Building Accessible Documents: A Mix of Use-Now Tips and Build-a-Strategy Resources

22 Sep

Overview

Section 508 [of the Rehabilitation Act] requires that web content be equally accessible to people with disabilities – web applications, pages and all attached files; the requirements apply to course-based as well as public-facing pages that we create to support teaching and learning.

While universities are working to ensure that Learning Management Systems provide an overall accessible platform for sharing and creating content, the creating of learning-related documents posted to those LMSs is the responsibility of instructors, and often of peer learners in a classroom.

Laura Thrasher notes this in opening her post for by eduniverse.org:

“In higher education, maintaining a Section 508 compliant web presence is essential. However, many people assume that a website’s accessibility is the programmer’s responsibility. You might be surprised to learn that content can also impact accessibility. People with visual, hearing, motor, or cognitive disabilities need to navigate your website. Also, they need to understand your content. With attention to a few key areas, you create marketing content that is both high quality and accessible.” 

As a teacher and blog editor – and frequently presenter on topics related to Universal Design for Learning – I’ve been working to learn how to create accessible documents using common software packages in both PC and Macintosh environments. As a forever user of Mac hardware, I have come around to using rather than neglecting the PC-side of my computer set up in order to more easily and fully create accessible word documents, presentation slidedecks with notes, images/tables/diagrams, blog posts, multimedia and HTML artifacts.

What’s a Teacher to Do?

Here I’m passing along – fully intact – the body of Thrasher’s “6 Tips for an Accessible Content Strategy.” As a designer for Formstack, “an online form building platform that makes it easy to capture and manage data” and former teacher of English at the University of Alabama, she writes with an awareness of the tools we use and the learners in our classrooms.

At the close of Thrasher’s six points, I’ll share a five quick tips that you could start using today, and point to four resources that I’ve collected with Tim Kamenar – one of our bloggers – in developing our various Universal Design for Learning presentations.

Thrasher’s 6 Tips:

1. Write clearly and simply.

Readers with cognitive disabilities may need additional explanation or clarity, and all readers like well-organized content. Write with a single main point to each paragraph. Include an introduction, support, and a conclusion. Your content should have a logical flow. You’ll also want to describe anything that is not text. This includes images, charts, videos, and audio presentations. For pictures, add captions that explain the image and its context. Doing so is helpful to all users, not just those with disabilities.

2. Provide text versions of infographics or images that include text.
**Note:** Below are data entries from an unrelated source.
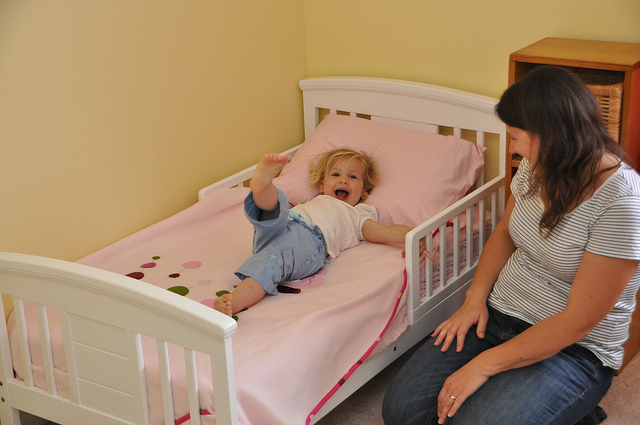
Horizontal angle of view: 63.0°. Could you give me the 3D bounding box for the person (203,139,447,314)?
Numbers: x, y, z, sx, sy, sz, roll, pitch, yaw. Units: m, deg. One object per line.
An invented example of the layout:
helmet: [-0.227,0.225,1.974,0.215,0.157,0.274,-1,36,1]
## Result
person: [-0.057,0.033,2.277,0.685,0.328,0.808,15,31,39]

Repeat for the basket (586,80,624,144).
basket: [1.080,-0.380,1.984,0.135,0.217,0.115,0,18,6]
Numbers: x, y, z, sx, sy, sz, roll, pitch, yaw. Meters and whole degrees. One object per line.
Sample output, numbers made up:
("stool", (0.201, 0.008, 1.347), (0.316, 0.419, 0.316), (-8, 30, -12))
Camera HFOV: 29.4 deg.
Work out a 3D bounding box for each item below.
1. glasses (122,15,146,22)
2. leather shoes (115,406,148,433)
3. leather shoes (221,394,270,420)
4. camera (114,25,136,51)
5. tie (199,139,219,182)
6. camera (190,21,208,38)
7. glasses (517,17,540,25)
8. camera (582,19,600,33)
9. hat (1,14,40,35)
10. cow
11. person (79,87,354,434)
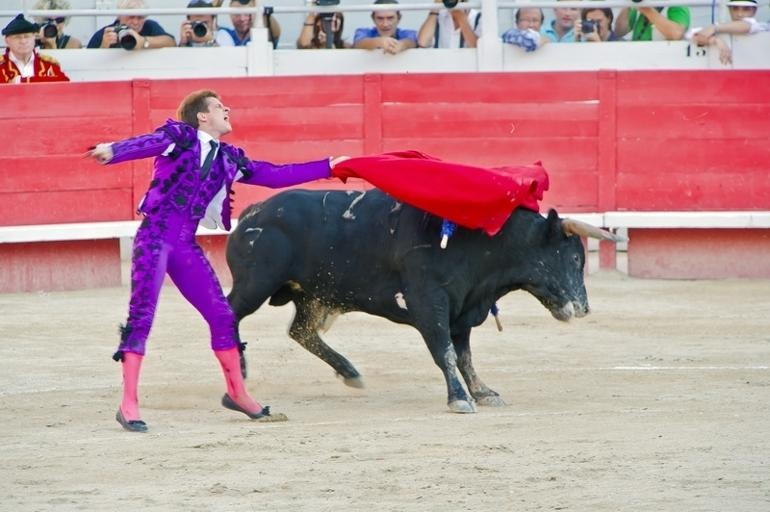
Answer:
("glasses", (-2.029, -1.907, 11.878), (0.095, 0.039, 0.112), (0, -5, -23))
("leather shoes", (-1.305, 0.827, 7.575), (0.219, 0.099, 0.151), (2, 13, 11))
("leather shoes", (-0.731, 0.800, 7.804), (0.299, 0.079, 0.106), (20, 4, -3))
("camera", (-2.031, -1.703, 11.563), (0.183, 0.086, 0.211), (11, 12, -14))
("tie", (-0.915, -0.506, 7.695), (0.071, 0.205, 0.055), (31, -13, -17))
("camera", (-1.430, -1.758, 11.435), (0.132, 0.120, 0.146), (-2, 15, -15))
("glasses", (1.181, -1.902, 11.907), (0.102, 0.056, 0.113), (0, 0, -2))
("camera", (1.667, -1.841, 11.771), (0.132, 0.100, 0.118), (2, 15, 9))
("hat", (-2.715, -1.707, 10.945), (0.272, 0.101, 0.182), (-3, 12, 8))
("cow", (0.134, 0.232, 8.258), (2.526, 1.138, 0.613), (4, -4, 29))
("person", (-0.926, -0.003, 7.715), (1.144, 1.687, 0.618), (-5, 14, -15))
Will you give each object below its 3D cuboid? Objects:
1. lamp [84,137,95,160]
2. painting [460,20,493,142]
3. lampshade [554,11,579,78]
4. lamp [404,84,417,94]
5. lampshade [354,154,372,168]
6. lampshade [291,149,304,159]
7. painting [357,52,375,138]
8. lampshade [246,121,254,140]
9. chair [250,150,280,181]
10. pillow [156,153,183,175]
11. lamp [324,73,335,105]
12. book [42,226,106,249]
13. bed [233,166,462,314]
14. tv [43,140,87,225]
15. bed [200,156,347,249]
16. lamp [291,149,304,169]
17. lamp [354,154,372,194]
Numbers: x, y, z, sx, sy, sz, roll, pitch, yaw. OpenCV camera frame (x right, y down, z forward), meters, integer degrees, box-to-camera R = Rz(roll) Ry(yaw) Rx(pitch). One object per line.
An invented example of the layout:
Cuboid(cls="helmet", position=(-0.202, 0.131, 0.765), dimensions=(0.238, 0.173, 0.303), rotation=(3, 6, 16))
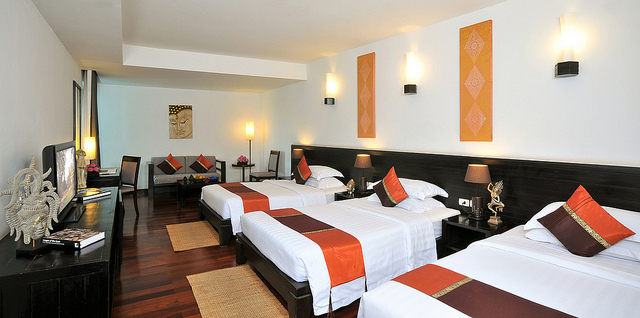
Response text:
Cuboid(cls="lamp", position=(-5.004, -0.236, 7.833), dimensions=(0.244, 0.456, 0.225), rotation=(-8, 9, -41))
Cuboid(cls="painting", position=(2.698, -1.395, 6.355), dimensions=(0.786, 2.034, 0.145), rotation=(-10, 14, -20))
Cuboid(cls="lampshade", position=(3.830, -1.753, 5.560), dimensions=(0.318, 0.984, 0.251), rotation=(1, 8, 25))
Cuboid(cls="lamp", position=(1.752, -1.332, 6.941), dimensions=(0.252, 0.174, 0.135), rotation=(-7, 8, -40))
Cuboid(cls="lampshade", position=(0.883, 0.035, 7.420), dimensions=(0.295, 0.169, 0.290), rotation=(-4, 6, -42))
Cuboid(cls="lampshade", position=(-0.572, -0.127, 9.200), dimensions=(0.277, 0.223, 0.234), rotation=(0, 7, -8))
Cuboid(cls="painting", position=(0.942, -1.345, 7.787), dimensions=(0.086, 1.798, 0.658), rotation=(11, 20, 40))
Cuboid(cls="lampshade", position=(-2.204, -0.887, 11.262), dimensions=(0.203, 0.562, 0.156), rotation=(0, 7, 14))
Cuboid(cls="chair", position=(-1.607, 0.354, 10.394), dimensions=(0.778, 1.111, 0.699), rotation=(-4, 9, -20))
Cuboid(cls="pillow", position=(-4.226, 0.171, 10.054), dimensions=(0.518, 0.536, 0.124), rotation=(-48, 1, -25))
Cuboid(cls="lamp", position=(0.218, -1.631, 8.437), dimensions=(0.222, 0.729, 0.212), rotation=(-2, 7, 4))
Cuboid(cls="book", position=(-3.251, 1.034, 4.763), dimensions=(0.689, 0.183, 0.311), rotation=(-1, 6, 5))
Cuboid(cls="bed", position=(0.607, 1.203, 5.992), dimensions=(3.229, 1.173, 2.053), rotation=(-1, 2, -28))
Cuboid(cls="tv", position=(-3.788, 0.369, 5.325), dimensions=(0.433, 0.910, 1.391), rotation=(-1, 4, -22))
Cuboid(cls="bed", position=(-0.982, 0.820, 7.639), dimensions=(2.390, 0.980, 1.909), rotation=(0, 1, -25))
Cuboid(cls="lamp", position=(-0.577, -0.108, 9.183), dimensions=(0.267, 0.458, 0.248), rotation=(-2, 7, -23))
Cuboid(cls="lamp", position=(0.910, 0.313, 7.561), dimensions=(0.434, 0.733, 0.395), rotation=(0, -2, -8))

Infographics are popular marketing tools. Unfortunately, they can render information inaccessible for users with disabilities. Screen readers and other assistive technology cannot “read” images. Include or link to a text-only version so screen readers or other devices can translate it to users with disabilities. Designers can abide by some simple guidelines when creating visual content, as well. Use high-contrast colors and avoid communicating meaning through color alone. If you’re unsure whether your visual content is accessible, there are online tools, such as http://www.508checker.com/, that will scan your page and determine compliance.

3. Include accessible online forms.

Many colleges and universities are rightfully concerned about their Section 508 compliance. Online forms are a place where inaccessibility is a significant problem. If users with disabilities cannot navigate online forms, there is a barrier. When creating online forms, include clear instructions. Use understandable field labels so that all users can navigate them. Even the submit button should be clear. For example, a scholarship application’s submit button could read, “Submit Application” rather than just “Submit.”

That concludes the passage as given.